HDC classification algorithms are a perfect fit for Altera FPGAs due to intrinsic properties of both oneAPI and FPGAs, in addition to the fact that Hyperdimensional Computing applications are often quite accessible to hardware implementation.
- The SYCL language’s Universal Shared Memory (USM) feature is supported by oneAPI. In the code-based and final hardware, SYCL USM uniquely permits the host and accelerator to share the same memory, unlike C or C++ alternatives. This lowers system latency to enhance overall performance and permits the simple, industry-standard coding technique of using a pointer to explicitly access data, whether on the host or the accelerator.
- The bottleneck is at the encoding step. The parallel nature of a programmable FPGA enables the usage of many compute units in parallel because each dimension of a hypervector can be encoded independently. When utilising several compute units, the inference time is greatly decreased by this parallel processing.
During training and inference, parallel processing was employed in the encoding stage, and Altera FPGA’s USM feature guaranteed a low latency solution.
At AI Inference, Altera FPGAs Perform Well
This Hyperdimensional Computing image classification algorithm was built on CPU, GPU, and FPGA resources in a real-world evaluation1.
- Cascade Lake-based Intel Xeon Platinum 8256 CPU (3.8GHz, 4 Cores).
- The eleventh generation Intel UHD 630 GPU.
- FPGA Intel Stratix 10 GX.
An Hyperdimensional Computing classification model with 2000 hyperdimensions of 32-bit floating-point values was utilised in all implementations. All three implementations obtained similar accuracy of about 94-95% using the NeuralHD retraining algorithm.
The outcomes highlight the advantages of utilising an FPGA during the inference phase.
The total amount of time spent training the model is the important metric.
Latency is the key performance indicator during inference.
Through training, the FPGA provided an x18 speed-up and the Intel GPU reached a 60x speed-up over the CPU. On the other hand, the accuracy of the CPU and FPGA implementations was about 97%, whereas the GPU implementation only managed to reach about 94% accuracy.
Due to memory constraints in this training scenario, the FPGA could only employ 8 CU in parallel during encoding. More parallel CUs and a quicker FPGA training period might be possible with a bigger FPGA. The evaluation was carried out using fixed resources on Intel DevCloud, and a larger FPGA was not accessible.

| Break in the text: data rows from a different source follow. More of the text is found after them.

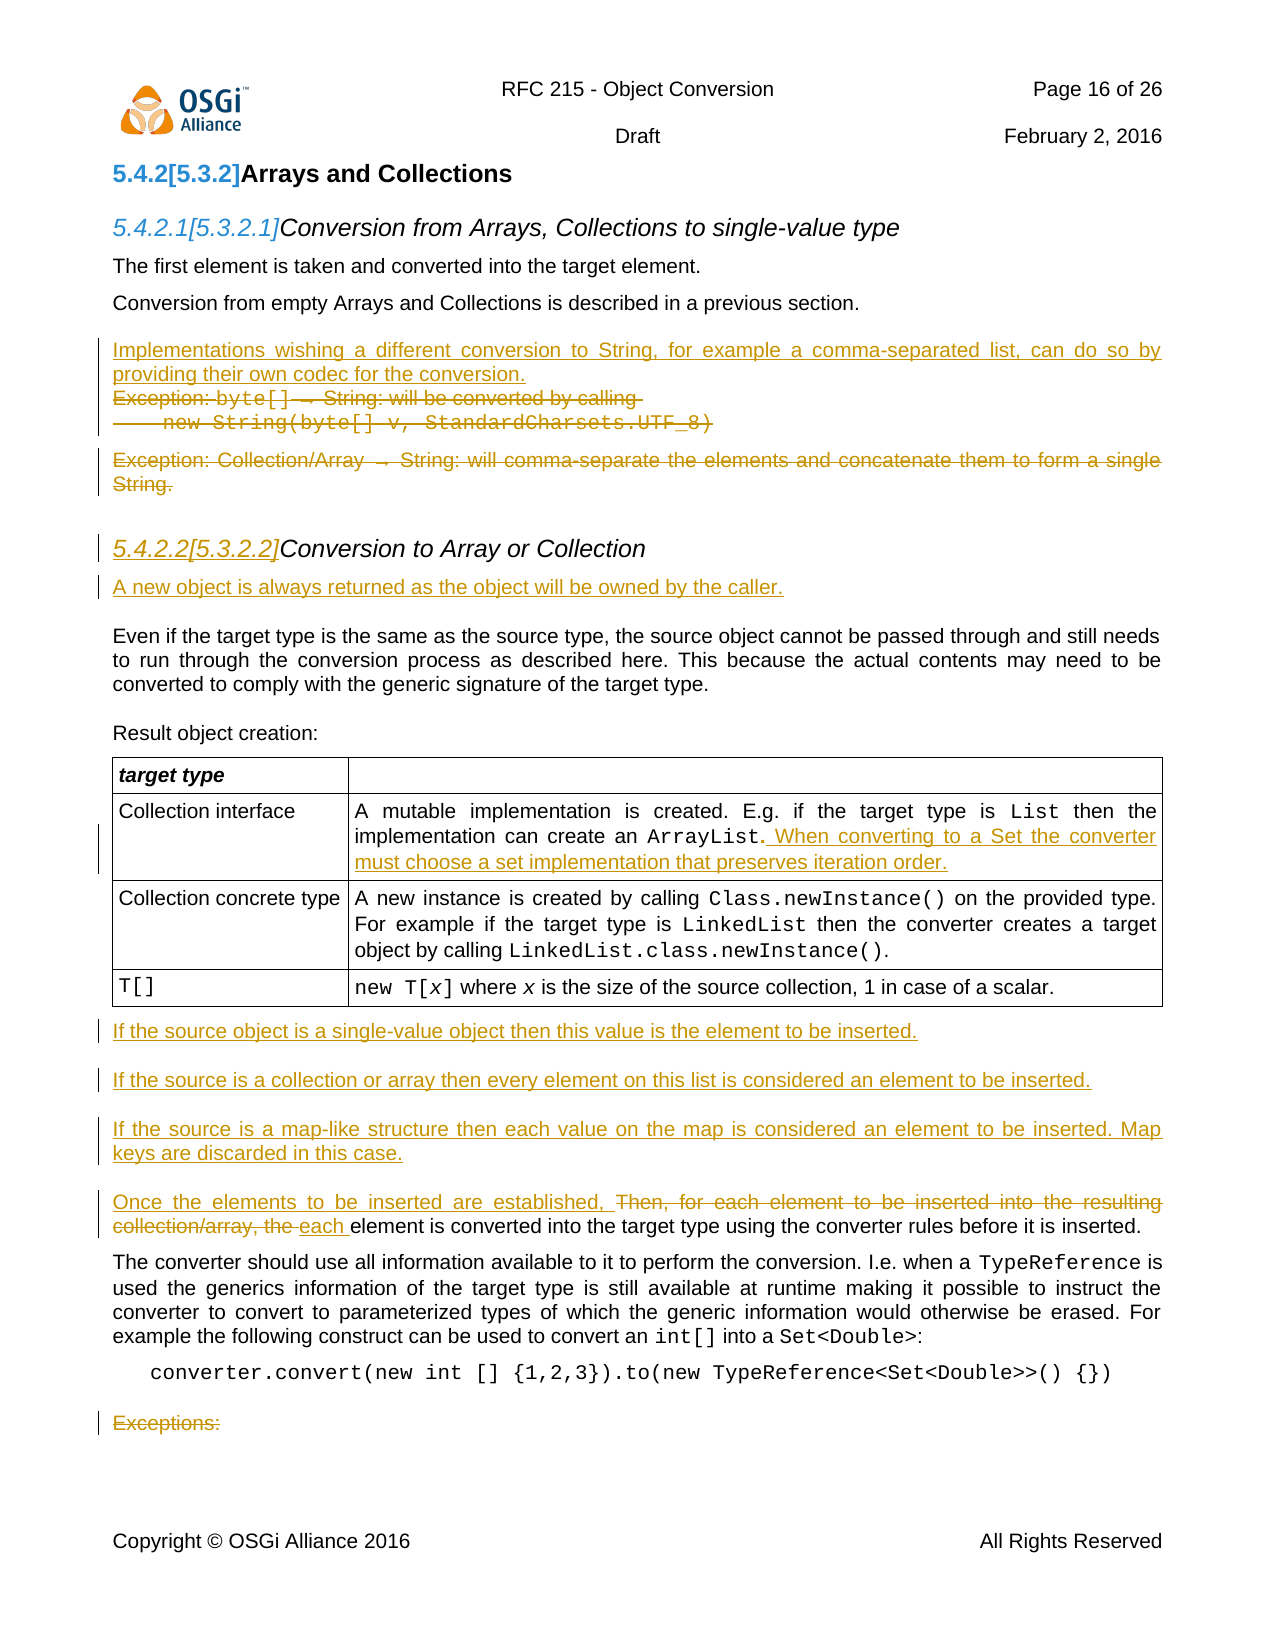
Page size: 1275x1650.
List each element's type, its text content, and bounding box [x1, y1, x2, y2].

text Once the elements to be inserted are established, each element is converted into the target type using the converter rules before it is inserted. [112, 1190, 1162, 1238]
text Result object creation: [112, 721, 1162, 745]
subtitle Conversion to Array or Collection [112, 534, 1162, 562]
text The converter should use all information available to it to perform the conversion. I.e. when a TypeReference is used the generics information of the target type is still available at runtime making it possible to instruct the converter to convert to parameterized types of which the generic information would otherwise be erased. For example the following construct can be used to convert an int[] into a Set<Double>: [112, 1250, 1162, 1350]
text Implementations wishing a different conversion to String, for example a comma-separated list, can do so by [112, 338, 1162, 359]
text Conversion from empty Arrays and Collections is described in a previous section. [112, 290, 1162, 314]
text converter.convert(new int [] {1,2,3}).to(new TypeReference<Set<Double>>() {}) [112, 1362, 1162, 1386]
text If the source is a collection or array then every element on this list is considered an element to be inserted. [112, 1068, 1162, 1092]
text providing their own codec for the conversion. [112, 360, 1162, 386]
subtitle Conversion from Arrays, Collections to single-value type [112, 213, 1162, 241]
table_cell new T[x] where x is the size of the source collection, 1 in case of a scalar. [349, 970, 1162, 1006]
table_cell Collection concrete type [113, 881, 348, 969]
text A new object is always returned as the object will be owned by the caller. [112, 575, 1162, 599]
table_header [349, 758, 1162, 793]
text The first element is taken and converted into the target element. [112, 254, 1162, 278]
text keys are discarded in this case. [112, 1139, 1162, 1165]
table_header target type [113, 758, 348, 793]
table_cell A mutable implementation is created. E.g. if the target type is List then the implementation can create an ArrayList. When converting to a Set the converter must choose a set implementation that preserves iteration order. [349, 794, 1162, 880]
table_cell A new instance is created by calling Class.newInstance() on the provided type. For example if the target type is LinkedList then the converter creates a target object by calling LinkedList.class.newInstance(). [349, 881, 1162, 969]
table_cell Collection interface [113, 794, 348, 880]
table_cell T[] [113, 970, 348, 1006]
text If the source is a map-like structure then each value on the map is considered an element to be inserted. Map [112, 1117, 1162, 1138]
picture [113, 78, 257, 142]
text Even if the target type is the same as the source type, the source object cannot be passed through and still needs to run through the conversion process as described here. This because the actual contents may need to be converted to comply with the generic signature of the target type. [112, 624, 1162, 696]
text If the source object is a single-value object then this value is the element to be inserted. [112, 1019, 1162, 1043]
subtitle Arrays and Collections [112, 159, 1162, 188]
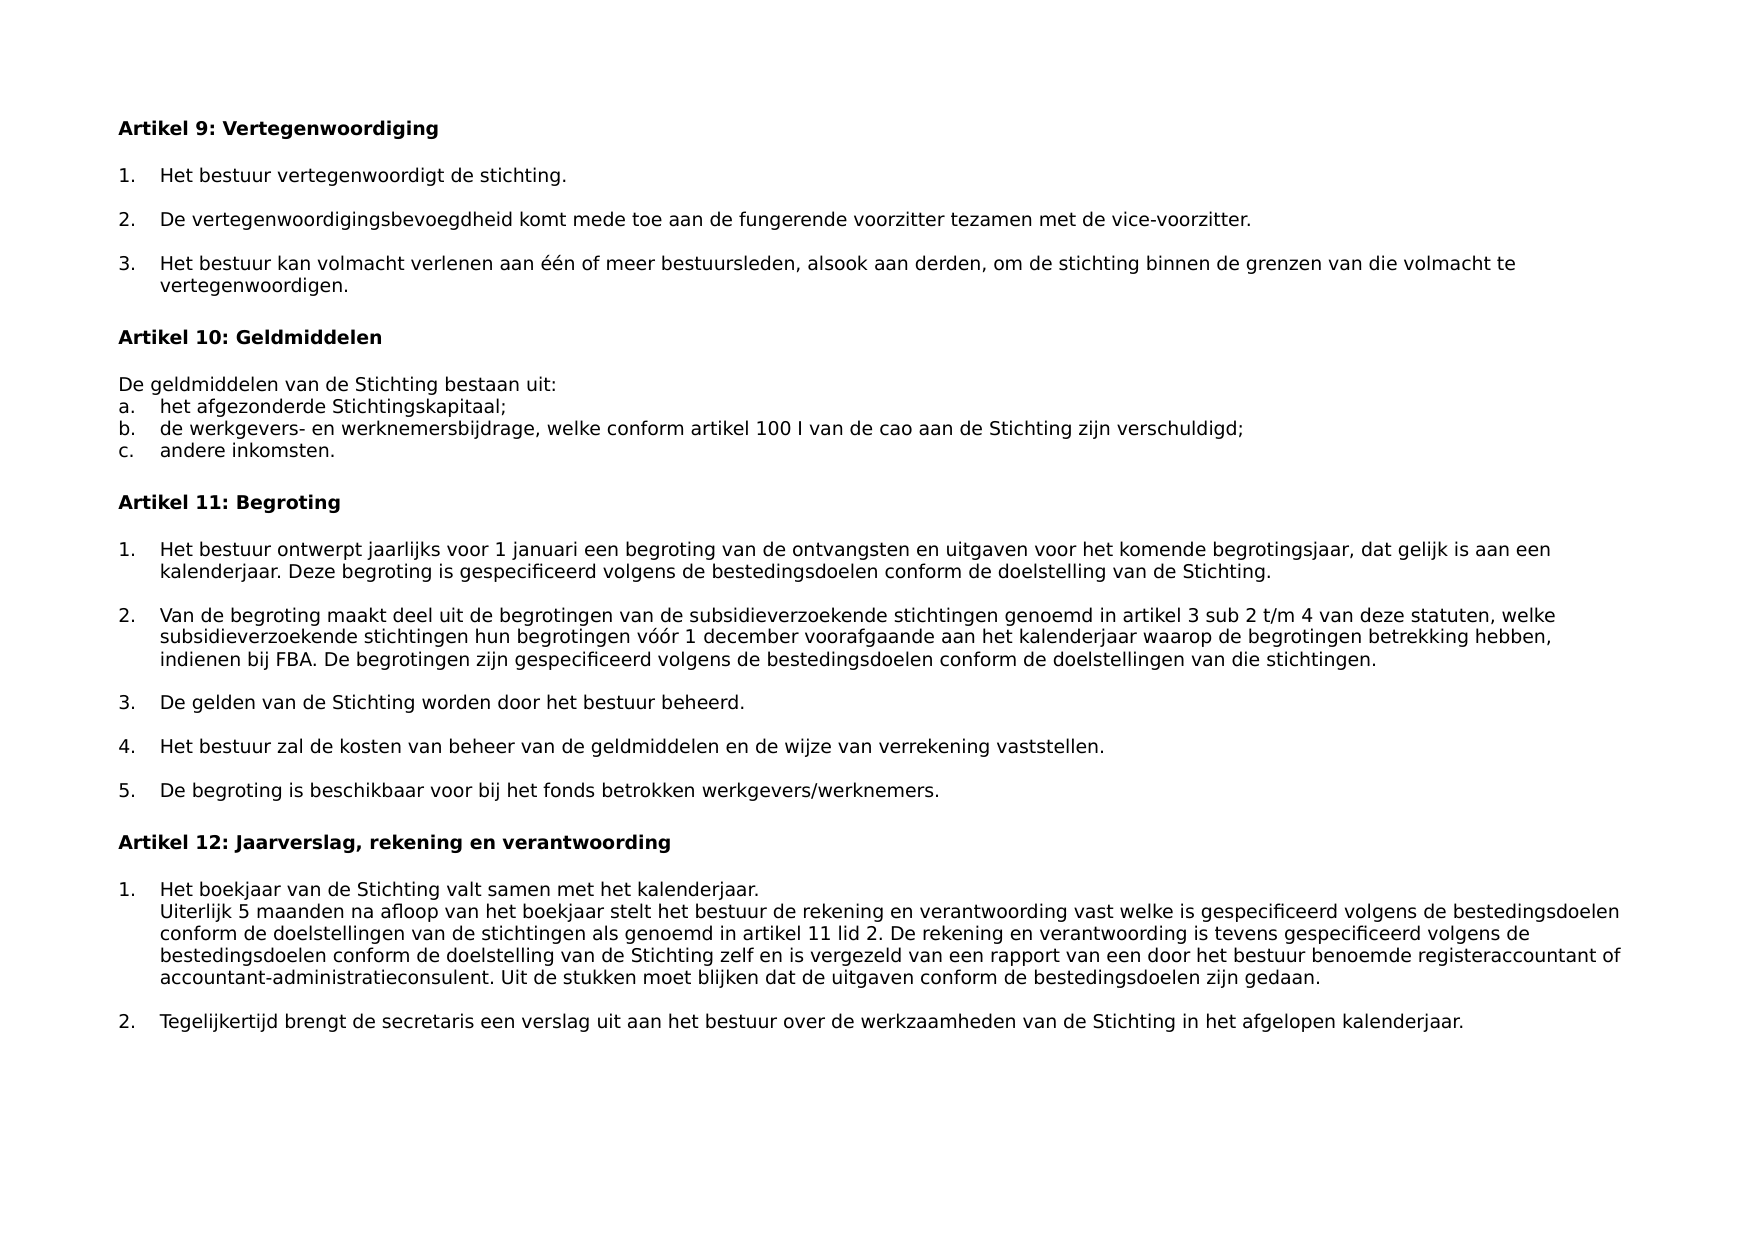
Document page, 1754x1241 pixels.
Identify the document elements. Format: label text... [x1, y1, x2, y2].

text 5. De begroting is beschikbaar voor bij het fonds betrokken werkgevers/werknemers. [118, 780, 1636, 802]
text a. het afgezonderde Stichtingskapitaal; [118, 396, 1636, 418]
text 3. Het bestuur kan volmacht verlenen aan één of meer bestuursleden, alsook aan derden, om de stichting binnen de grenzen van die volmacht te vertegenwoordigen. [118, 253, 1636, 297]
text c. andere inkomsten. [118, 440, 1636, 462]
subtitle Artikel 12: Jaarverslag, rekening en verantwoording [118, 832, 1636, 854]
text 3. De gelden van de Stichting worden door het bestuur beheerd. [118, 692, 1636, 714]
text b. de werkgevers- en werknemersbijdrage, welke conform artikel 100 I van de cao aan de Stichting zijn verschuldigd; [118, 418, 1636, 440]
subtitle Artikel 10: Geldmiddelen [118, 327, 1636, 349]
subtitle Artikel 11: Begroting [118, 492, 1636, 514]
text 2. De vertegenwoordigingsbevoegdheid komt mede toe aan de fungerende voorzitter tezamen met de vice-voorzitter. [118, 209, 1636, 231]
text De geldmiddelen van de Stichting bestaan uit: [118, 374, 1636, 396]
text 1. Het bestuur ontwerpt jaarlijks voor 1 januari een begroting van de ontvangsten en uitgaven voor het komende begrotingsjaar, dat gelijk is aan een kalenderjaar. Deze begroting is gespecificeerd volgens de bestedingsdoelen conform de doelstelling van de Stichting. [118, 539, 1636, 583]
text 2. Van de begroting maakt deel uit de begrotingen van de subsidieverzoekende stichtingen genoemd in artikel 3 sub 2 t/m 4 van deze statuten, welke subsidieverzoekende stichtingen hun begrotingen vóór 1 december voorafgaande aan het kalenderjaar waarop de begrotingen betrekking hebben, indienen bij FBA. De begrotingen zijn gespecificeerd volgens de bestedingsdoelen conform de doelstellingen van die stichtingen. [118, 604, 1636, 670]
text 1. Het bestuur vertegenwoordigt de stichting. [118, 165, 1636, 187]
text 1. Het boekjaar van de Stichting valt samen met het kalenderjaar. [118, 879, 1636, 901]
text 4. Het bestuur zal de kosten van beheer van de geldmiddelen en de wijze van verrekening vaststellen. [118, 736, 1636, 758]
text Uiterlijk 5 maanden na afloop van het boekjaar stelt het bestuur de rekening en verantwoording vast welke is gespecificeerd volgens de bestedingsdoelen conform de doelstellingen van de stichtingen als genoemd in artikel 11 lid 2. De rekening en verantwoording is tevens gespecificeerd volgens de bestedingsdoelen conform de doelstelling van de Stichting zelf en is vergezeld van een rapport van een door het bestuur benoemde registeraccountant of accountant-administratieconsulent. Uit de stukken moet blijken dat de uitgaven conform de bestedingsdoelen zijn gedaan. [159, 901, 1636, 989]
subtitle Artikel 9: Vertegenwoordiging [118, 118, 1636, 140]
text 2. Tegelijkertijd brengt de secretaris een verslag uit aan het bestuur over de werkzaamheden van de Stichting in het afgelopen kalenderjaar. [118, 1011, 1636, 1033]

Benefits of FPGA AI Latency
With a 3× speed increase over the CPU, the FPGA exhibits the lowest latency during the inference stage. It is demonstrated that the GPU is overkill for inference, requiring significantly more time than the FPGA or even the CPU (demonstrating a slow-down rather than an acceleration).
These findings demonstrate the advantages of utilising an FPGA for AI inference once more. Altera FPGAs are the best option for quick and effective AI inference in data centre and edge applications because they combine the advantages of performance and generally lower costs with license-free oneAPI development tools. Any AI algorithm is trained/developed once and then implemented for inference on a mass scale.